2. Building Inspection (891-1800):
- Footing Inspection (100): Required when separate concrete footings are being poured. The inspection should be made after the trenches have been dug and reinforcing steel is in place, and prior to actually pouring the concrete.
- Slab Inspections (105): Required when a concrete slab or a monolithic slab/footing is to be poured. The inspection should be made after all formwork, termite treatment, vapor barriers, reinforcing steel and applicable rough plumbing inspections have been completed, but prior to pouring the concrete slab.
- Exterior Sheathing Inspections (106): To be made during or after the roof and wall sheathing is applied, and before covering with felt or siding.
- Framing Inspection (107): To be made after all the construction is dried in and after all applicable rough electrical, plumbing, mechanical and gas inspections have been made.

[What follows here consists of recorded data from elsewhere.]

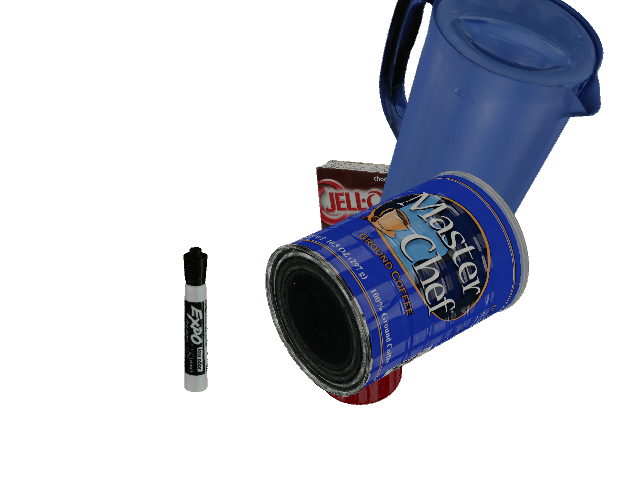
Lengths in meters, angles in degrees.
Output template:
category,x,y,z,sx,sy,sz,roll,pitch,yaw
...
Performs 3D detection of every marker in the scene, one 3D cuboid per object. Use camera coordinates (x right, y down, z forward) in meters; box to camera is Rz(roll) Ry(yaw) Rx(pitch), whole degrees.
category,x,y,z,sx,sy,sz,roll,pitch,yaw
marker,-0.099,0.063,0.847,0.020,0.121,0.020,2,21,-1

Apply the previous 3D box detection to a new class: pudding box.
category,x,y,z,sx,sy,sz,roll,pitch,yaw
pudding box,0.053,-0.038,1.172,0.114,0.090,0.039,6,24,29

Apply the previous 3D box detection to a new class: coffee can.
category,x,y,z,sx,sy,sz,roll,pitch,yaw
coffee can,0.050,0.025,0.693,0.140,0.103,0.103,-25,13,-31

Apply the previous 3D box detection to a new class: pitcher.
category,x,y,z,sx,sy,sz,roll,pitch,yaw
pitcher,0.116,-0.087,0.879,0.145,0.149,0.243,8,-44,-9

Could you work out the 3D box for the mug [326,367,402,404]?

There should be no insulation installed prior to the framing inspection.
- Insulation Inspection (109): To be made once the required insulation is installed. Blown in attic insulation will be inspected during the final inspection.
- Final Inspection (900): To be made after all work is complete. Electrical, plumbing, roofing, driveway, mechanical and gas inspections may be made prior to the final building inspection.
3. Roofing Inspection (891-1800):
New, Additions, and Reroofs for Townhouse or Duplex (917): The inspection is to be done, if possible, during the installation of the roofing, but in any case, prior to the final building inspection.
ReRoof for Single Family - Detached only: A Nailing Inspection (115) is required, the spacing pattern should be 6" on center with 8-penny ring shank nails. The Secondary Barrier Inspection (116) is required, using an approved Type 226, type 1 or 2 felt, synthetic underlayment or for flat roofs, base sheet.
NOTE: The Nailing and Secondary Barrier Inspections MUST be inspected and approved prior to the installation of any Final roof covering (917). Once these have been approved the final covering may be installed and a final roof inspection scheduled.
4. Electrical Inspection (891-1800):
- Temporary Pole (500): If electrical power from the house cannot be used and temporary construction power is required, the temporary service pole must be inspected prior to the service being connected.
- Rough-In Inspection (200): To be made after all electrical boxes and rough wiring is installed.
- Electrical Release (501): All breakers, circuits and receptacles have been installed and completed. Address must be on building.
- Final Inspection (901): To be made once power is connected to residence and all electrical work has been completed and all electrical trim is installed.
5. Plumbing Inspection (891-1800):
- Rough-in Slab Inspection (401): To be made after all underground piping is in place and pressure test is applied, prior to covering of piping under slabs.
- Tub Set Inspection (403): To be made after all rough piping is installed, including tubs, and the system is filled with water or pressure test is applied.
- Sewer Inspection (400): If a new sewer connection is made, piping must be inspected prior to covering.
- Final Inspection (905): To be made after all plumbing work has been completed and all fixtures installed.
6. Mechanical Inspection (891-1800):
- Rough-in Inspection (301): To be made after all rough ductwork is installed and after any required condensate lines and exhaust vents are installed.
- Final Inspection (903): To be made after all connections and appliance are installed and complete.
7. Gas Inspection (891-7040):
- Rough-in Piping Inspection (300): To be made after all piping is in place and pressure test is applied.
- Gas Meter Set (502): To be requested with the Final Inspection. 24 hr notice for residential
- Final Inspection (902): To be made after all connections and appliance are installed and meter has been set.
8. Certificate of Occupancy (C.O.) (891-7125):
After all inspections are finished a C.O. will be issued. A new house or addition cannot be occupied and permanent power cannot be provided without a C.O. This is the final step.